+++ Input +++

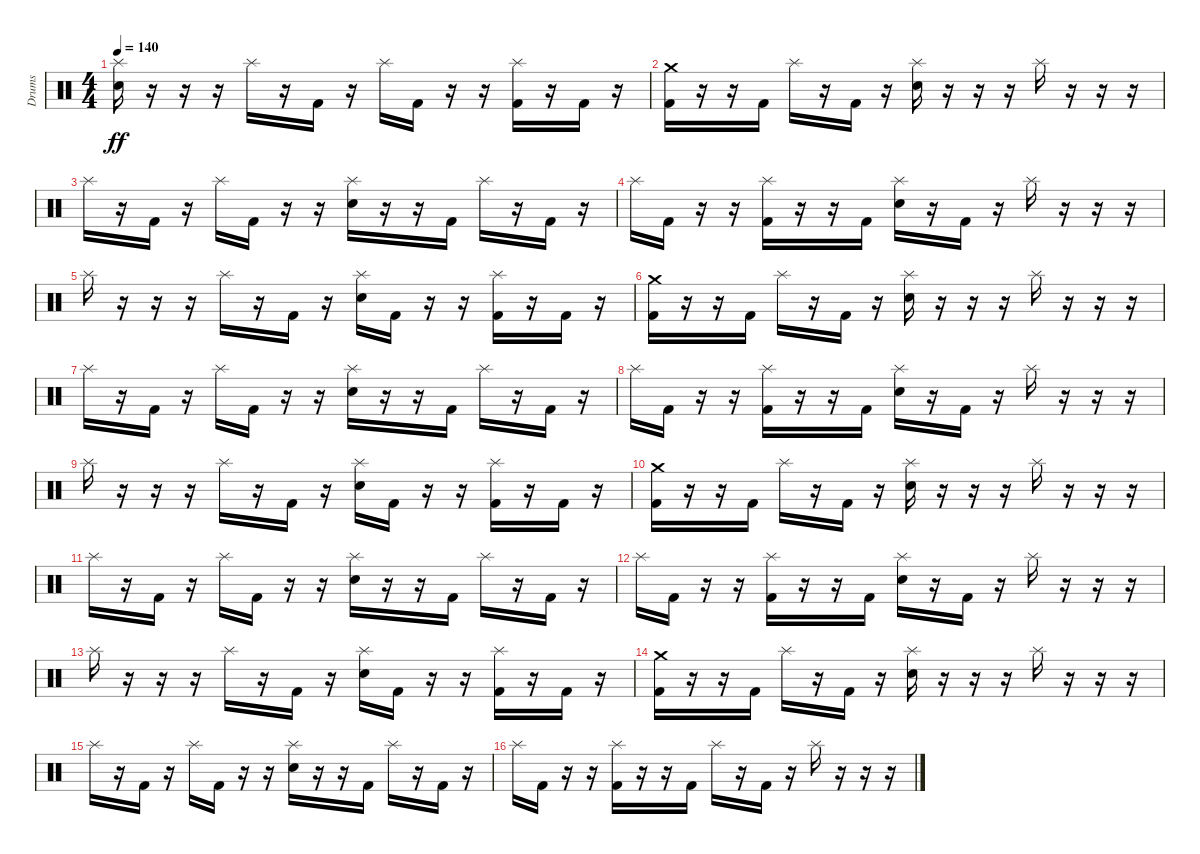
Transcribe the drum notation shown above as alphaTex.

\track ("Drums" "Drums") {instrument percussion}
\staff {score}
\articulation defaults
\ts (4 4)
\tempo 140
\clef neutral
\ks c
("Splash (hit)" "Electric Snare (hit)").16{dy ff} r.16 r.16 r.16 "Splash (hit)".16 r.16 "Kick (hit) 2".16 r.16 "Splash (hit)".16 "Kick (hit) 2".16 r.16 r.16 ("Splash (hit)" "Kick (hit) 2").16 r.16 "Kick (hit) 2".16 r.16 |
("Crash medium (hit)" "Kick (hit) 2").16{volume 9} r.16 r.16 "Kick (hit) 2".16 "Splash (hit)".16 r.16 "Kick (hit) 2".16 r.16 ("Splash (hit)" "Electric Snare (hit)").16 r.16 r.16 r.16 "Splash (hit)".16 r.16 r.16 r.16 |
"Splash (hit)".16 r.16 "Kick (hit) 2".16 r.16 "Splash (hit)".16 "Kick (hit) 2".16 r.16 r.16 ("Splash (hit)" "Electric Snare (hit)").16 r.16 r.16 "Kick (hit) 2".16 "Splash (hit)".16 r.16 "Kick (hit) 2".16 r.16 |
"Splash (hit)".16 "Kick (hit) 2".16 r.16 r.16 ("Splash (hit)" "Kick (hit) 2").16 r.16 r.16 "Kick (hit) 2".16 ("Splash (hit)" "Electric Snare (hit)").16 r.16 "Kick (hit) 2".16 r.16 "Splash (hit)".16 r.16 r.16 r.16 |
"Splash (hit)".16 r.16 r.16 r.16 "Splash (hit)".16 r.16 "Kick (hit) 2".16 r.16 ("Splash (hit)" "Electric Snare (hit)").16 "Kick (hit) 2".16 r.16 r.16 ("Splash (hit)" "Kick (hit) 2").16 r.16 "Kick (hit) 2".16 r.16 |
("Crash medium (hit)" "Kick (hit) 2").16{volume 7} r.16 r.16 "Kick (hit) 2".16 "Splash (hit)".16 r.16 "Kick (hit) 2".16 r.16 ("Splash (hit)" "Electric Snare (hit)").16 r.16 r.16 r.16 "Splash (hit)".16 r.16 r.16 r.16 |
"Splash (hit)".16 r.16 "Kick (hit) 2".16 r.16 "Splash (hit)".16 "Kick (hit) 2".16 r.16 r.16 ("Splash (hit)" "Electric Snare (hit)").16 r.16 r.16 "Kick (hit) 2".16 "Splash (hit)".16 r.16 "Kick (hit) 2".16 r.16 |
"Splash (hit)".16 "Kick (hit) 2".16 r.16 r.16 ("Splash (hit)" "Kick (hit) 2").16 r.16 r.16 "Kick (hit) 2".16 ("Splash (hit)" "Electric Snare (hit)").16 r.16 "Kick (hit) 2".16 r.16 "Splash (hit)".16 r.16 r.16 r.16 |
"Splash (hit)".16 r.16 r.16 r.16 "Splash (hit)".16 r.16 "Kick (hit) 2".16 r.16 ("Splash (hit)" "Electric Snare (hit)").16 "Kick (hit) 2".16 r.16 r.16 ("Splash (hit)" "Kick (hit) 2").16 r.16 "Kick (hit) 2".16 r.16 |
("Crash medium (hit)" "Kick (hit) 2").16{volume 3} r.16 r.16 "Kick (hit) 2".16 "Splash (hit)".16 r.16 "Kick (hit) 2".16 r.16 ("Splash (hit)" "Electric Snare (hit)").16 r.16 r.16 r.16 "Splash (hit)".16 r.16 r.16 r.16 |
"Splash (hit)".16 r.16 "Kick (hit) 2".16 r.16 "Splash (hit)".16 "Kick (hit) 2".16 r.16 r.16 ("Splash (hit)" "Electric Snare (hit)").16 r.16 r.16 "Kick (hit) 2".16 "Splash (hit)".16 r.16 "Kick (hit) 2".16 r.16 |
"Splash (hit)".16 "Kick (hit) 2".16 r.16 r.16 ("Splash (hit)" "Kick (hit) 2").16 r.16 r.16 "Kick (hit) 2".16 ("Splash (hit)" "Electric Snare (hit)").16 r.16 "Kick (hit) 2".16 r.16 "Splash (hit)".16 r.16 r.16 r.16 |
"Splash (hit)".16 r.16 r.16 r.16 "Splash (hit)".16 r.16 "Kick (hit) 2".16 r.16 ("Splash (hit)" "Electric Snare (hit)").16 "Kick (hit) 2".16 r.16 r.16 ("Splash (hit)" "Kick (hit) 2").16 r.16 "Kick (hit) 2".16 r.16 |
("Crash medium (hit)" "Kick (hit) 2").16{volume 0} r.16 r.16 "Kick (hit) 2".16 "Splash (hit)".16 r.16 "Kick (hit) 2".16 r.16 ("Splash (hit)" "Electric Snare (hit)").16 r.16 r.16 r.16 "Splash (hit)".16 r.16 r.16 r.16 |
"Splash (hit)".16 r.16 "Kick (hit) 2".16 r.16 "Splash (hit)".16 "Kick (hit) 2".16 r.16 r.16 ("Splash (hit)" "Electric Snare (hit)").16 r.16 r.16 "Kick (hit) 2".16 "Splash (hit)".16 r.16 "Kick (hit) 2".16 r.16 |
"Splash (hit)".16 "Kick (hit) 2".16 r.16 r.16 ("Splash (hit)" "Kick (hit) 2").16 r.16 r.16 "Kick (hit) 2".16 "Splash (hit)".16 r.16 "Kick (hit) 2".16 r.16 "Splash (hit)".16 r.16 r.16 r.16

+++

- [Problem to solve]: When you return the listing, keep it exact and omit any pictures it holds.

- [Expected answer]:
Transcribe the drum notation shown above as alphaTex.

\track ("Drums" "Drums") {instrument percussion}
\staff {score}
\articulation defaults
\ts (4 4)
\tempo 140
\clef neutral
\ks c
("Splash (hit)" "Electric Snare (hit)").16{dy ff} r.16 r.16 r.16 "Splash (hit)".16 r.16 "Kick (hit) 2".16 r.16 "Splash (hit)".16 "Kick (hit) 2".16 r.16 r.16 ("Splash (hit)" "Kick (hit) 2").16 r.16 "Kick (hit) 2".16 r.16 |
("Crash medium (hit)" "Kick (hit) 2").16{volume 9} r.16 r.16 "Kick (hit) 2".16 "Splash (hit)".16 r.16 "Kick (hit) 2".16 r.16 ("Splash (hit)" "Electric Snare (hit)").16 r.16 r.16 r.16 "Splash (hit)".16 r.16 r.16 r.16 |
"Splash (hit)".16 r.16 "Kick (hit) 2".16 r.16 "Splash (hit)".16 "Kick (hit) 2".16 r.16 r.16 ("Splash (hit)" "Electric Snare (hit)").16 r.16 r.16 "Kick (hit) 2".16 "Splash (hit)".16 r.16 "Kick (hit) 2".16 r.16 |
"Splash (hit)".16 "Kick (hit) 2".16 r.16 r.16 ("Splash (hit)" "Kick (hit) 2").16 r.16 r.16 "Kick (hit) 2".16 ("Splash (hit)" "Electric Snare (hit)").16 r.16 "Kick (hit) 2".16 r.16 "Splash (hit)".16 r.16 r.16 r.16 |
"Splash (hit)".16 r.16 r.16 r.16 "Splash (hit)".16 r.16 "Kick (hit) 2".16 r.16 ("Splash (hit)" "Electric Snare (hit)").16 "Kick (hit) 2".16 r.16 r.16 ("Splash (hit)" "Kick (hit) 2").16 r.16 "Kick (hit) 2".16 r.16 |
("Crash medium (hit)" "Kick (hit) 2").16{volume 7} r.16 r.16 "Kick (hit) 2".16 "Splash (hit)".16 r.16 "Kick (hit) 2".16 r.16 ("Splash (hit)" "Electric Snare (hit)").16 r.16 r.16 r.16 "Splash (hit)".16 r.16 r.16 r.16 |
"Splash (hit)".16 r.16 "Kick (hit) 2".16 r.16 "Splash (hit)".16 "Kick (hit) 2".16 r.16 r.16 ("Splash (hit)" "Electric Snare (hit)").16 r.16 r.16 "Kick (hit) 2".16 "Splash (hit)".16 r.16 "Kick (hit) 2".16 r.16 |
"Splash (hit)".16 "Kick (hit) 2".16 r.16 r.16 ("Splash (hit)" "Kick (hit) 2").16 r.16 r.16 "Kick (hit) 2".16 ("Splash (hit)" "Electric Snare (hit)").16 r.16 "Kick (hit) 2".16 r.16 "Splash (hit)".16 r.16 r.16 r.16 |
"Splash (hit)".16 r.16 r.16 r.16 "Splash (hit)".16 r.16 "Kick (hit) 2".16 r.16 ("Splash (hit)" "Electric Snare (hit)").16 "Kick (hit) 2".16 r.16 r.16 ("Splash (hit)" "Kick (hit) 2").16 r.16 "Kick (hit) 2".16 r.16 |
("Crash medium (hit)" "Kick (hit) 2").16{volume 3} r.16 r.16 "Kick (hit) 2".16 "Splash (hit)".16 r.16 "Kick (hit) 2".16 r.16 ("Splash (hit)" "Electric Snare (hit)").16 r.16 r.16 r.16 "Splash (hit)".16 r.16 r.16 r.16 |
"Splash (hit)".16 r.16 "Kick (hit) 2".16 r.16 "Splash (hit)".16 "Kick (hit) 2".16 r.16 r.16 ("Splash (hit)" "Electric Snare (hit)").16 r.16 r.16 "Kick (hit) 2".16 "Splash (hit)".16 r.16 "Kick (hit) 2".16 r.16 |
"Splash (hit)".16 "Kick (hit) 2".16 r.16 r.16 ("Splash (hit)" "Kick (hit) 2").16 r.16 r.16 "Kick (hit) 2".16 ("Splash (hit)" "Electric Snare (hit)").16 r.16 "Kick (hit) 2".16 r.16 "Splash (hit)".16 r.16 r.16 r.16 |
"Splash (hit)".16 r.16 r.16 r.16 "Splash (hit)".16 r.16 "Kick (hit) 2".16 r.16 ("Splash (hit)" "Electric Snare (hit)").16 "Kick (hit) 2".16 r.16 r.16 ("Splash (hit)" "Kick (hit) 2").16 r.16 "Kick (hit) 2".16 r.16 |
("Crash medium (hit)" "Kick (hit) 2").16{volume 0} r.16 r.16 "Kick (hit) 2".16 "Splash (hit)".16 r.16 "Kick (hit) 2".16 r.16 ("Splash (hit)" "Electric Snare (hit)").16 r.16 r.16 r.16 "Splash (hit)".16 r.16 r.16 r.16 |
"Splash (hit)".16 r.16 "Kick (hit) 2".16 r.16 "Splash (hit)".16 "Kick (hit) 2".16 r.16 r.16 ("Splash (hit)" "Electric Snare (hit)").16 r.16 r.16 "Kick (hit) 2".16 "Splash (hit)".16 r.16 "Kick (hit) 2".16 r.16 |
"Splash (hit)".16 "Kick (hit) 2".16 r.16 r.16 ("Splash (hit)" "Kick (hit) 2").16 r.16 r.16 "Kick (hit) 2".16 "Splash (hit)".16 r.16 "Kick (hit) 2".16 r.16 "Splash (hit)".16 r.16 r.16 r.16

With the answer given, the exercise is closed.